Naturschützer warnen, dass die Welt es sich „nicht länger leisten“ könne, Klimaschutzmaßnahmen zum Schutz und zur Wiederherstellung der Naturwunder unseres Planeten zu verzögern.
Heute (7. Januar) hat die internationale Naturschutzorganisation Fauna & Flora ihre Liste der zu beobachtenden Arten 2026 veröffentlicht und einige der „seltsamen und wunderbaren“ Kreaturen hervorgehoben, die in nicht allzu ferner Zukunft vom Aussterben bedroht sind.
Laut Kirsitian Teleki, CEO von Fauna & Flora, bietet die Liste einen Einblick in die „zentralen Herausforderungen“, mit denen einige der am stärksten gefährdeten Arten der Welt konfrontiert sind, darunter Lebensraumverlust, Entwaldung, illegaler Wildtierhandel und die Klimakrise.
„Es wirft auch ein Schlaglicht auf die seltsamen und wunderbaren Pflanzen und Tiere, die wir schützen wollen, und auf die inspirierenden Menschen und Partner, mit denen Fauna & Flora auf der ganzen Welt zusammenarbeitet, um wirksame Schutzmaßnahmen zu ergreifen“, fügt Teleki hinzu. „In schwierigen Zeiten ist es ein Leuchtfeuer der Hoffnung.“
Während wir uns dem Jahr 2030 nähern, einem „Leitstern“ für viele Natur- und Klimaziele, sind hier zehn Arten, die im neuen Jahr vom Aussterben bedroht sind.
Europäischer Aal
Der Europäische Aal, der einst auf dem gesamten Kontinent verbreitet war, ist auf dem Weg zum Aussterben.

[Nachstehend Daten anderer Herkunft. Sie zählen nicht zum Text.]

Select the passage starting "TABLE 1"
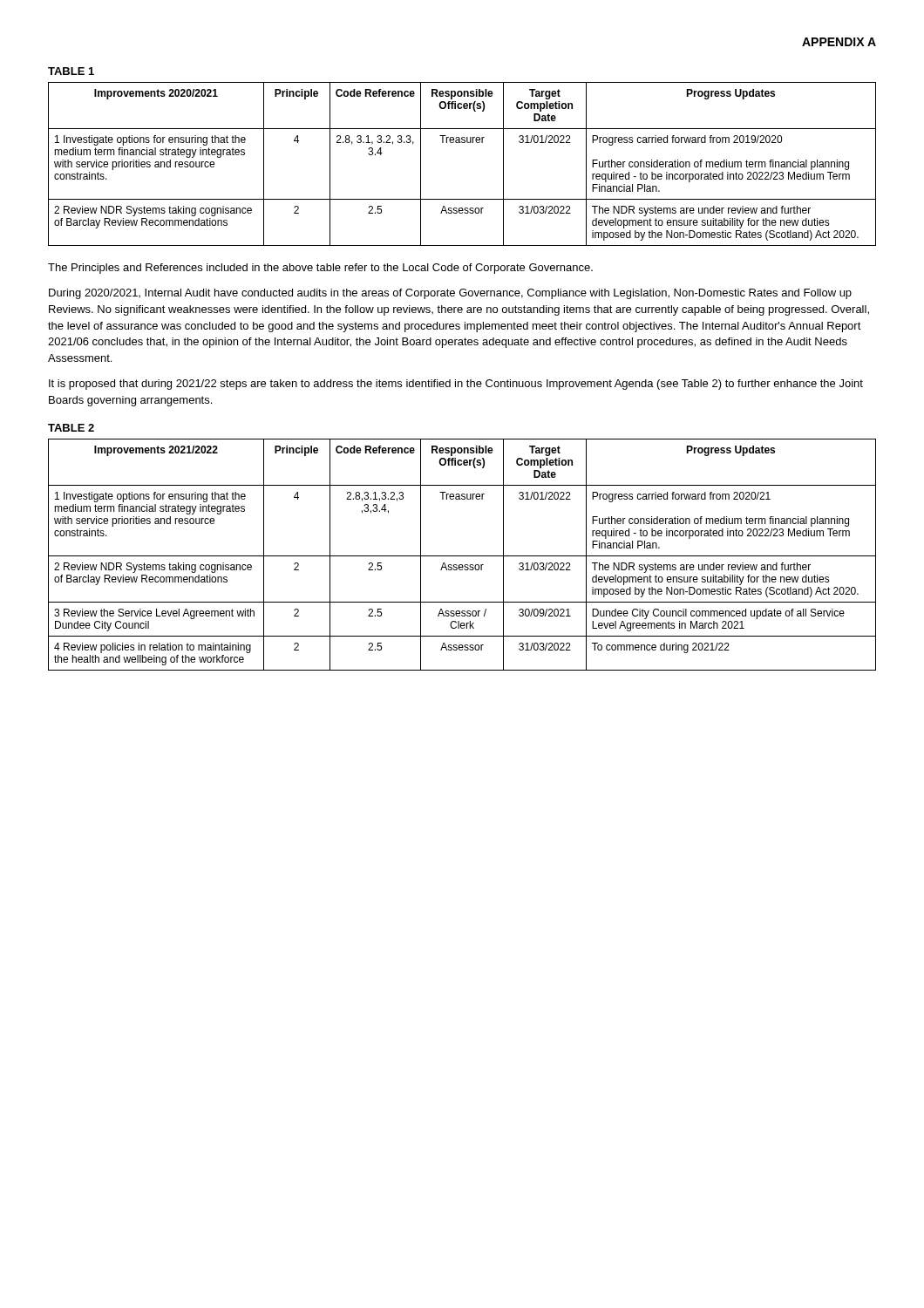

In den letzten 25 Jahren ist allein die Bevölkerung des Vereinigten Königreichs um unglaubliche 95 Prozent zurückgegangen.
Experten machen die Überfischung, die durch das einst beliebte Gericht mit geliertem Aal verursacht wird, sowie Umweltverschmutzung, Lebensraumzerschneidung und illegalen Handel dafür verantwortlich.

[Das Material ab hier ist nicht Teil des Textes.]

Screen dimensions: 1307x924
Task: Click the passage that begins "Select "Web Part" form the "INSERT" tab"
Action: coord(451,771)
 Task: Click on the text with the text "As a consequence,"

Sie sehen vielleicht nicht süß aus, aber Experten warnen, dass diese schlangenähnlichen Kreaturen eine „entscheidende Rolle“ in Süßwasser- und Küstenökosystemen spielen und eine energiereiche Nahrungsquelle für Otter, Rohrdommeln und andere fischfressende Kreaturen darstellen.
„Ihr Verschwinden hätte schlimme Folgen“, warnt Fauna & Flora. „Nachdem wir kürzlich bei der Süßwasserüberwachung in Georgien Europäische Aale entdeckt haben – wo sie seit einiger Zeit nicht mehr registriert wurden – werden wir im Jahr 2026 weitere Untersuchungen zu diesem rätselhaften und vom Aussterben bedrohten Fisch durchführen.“
Cao-Vit-Gibbon
Der nach seinem eindeutigen Ruf benannte Cao-vit-Gibbon ist der zweitseltenste Primat der Welt. Wissenschaftler befürchteten, dass die Art bis zu ihrer Wiederentdeckung im Jahr 2002 ausgestorben sei.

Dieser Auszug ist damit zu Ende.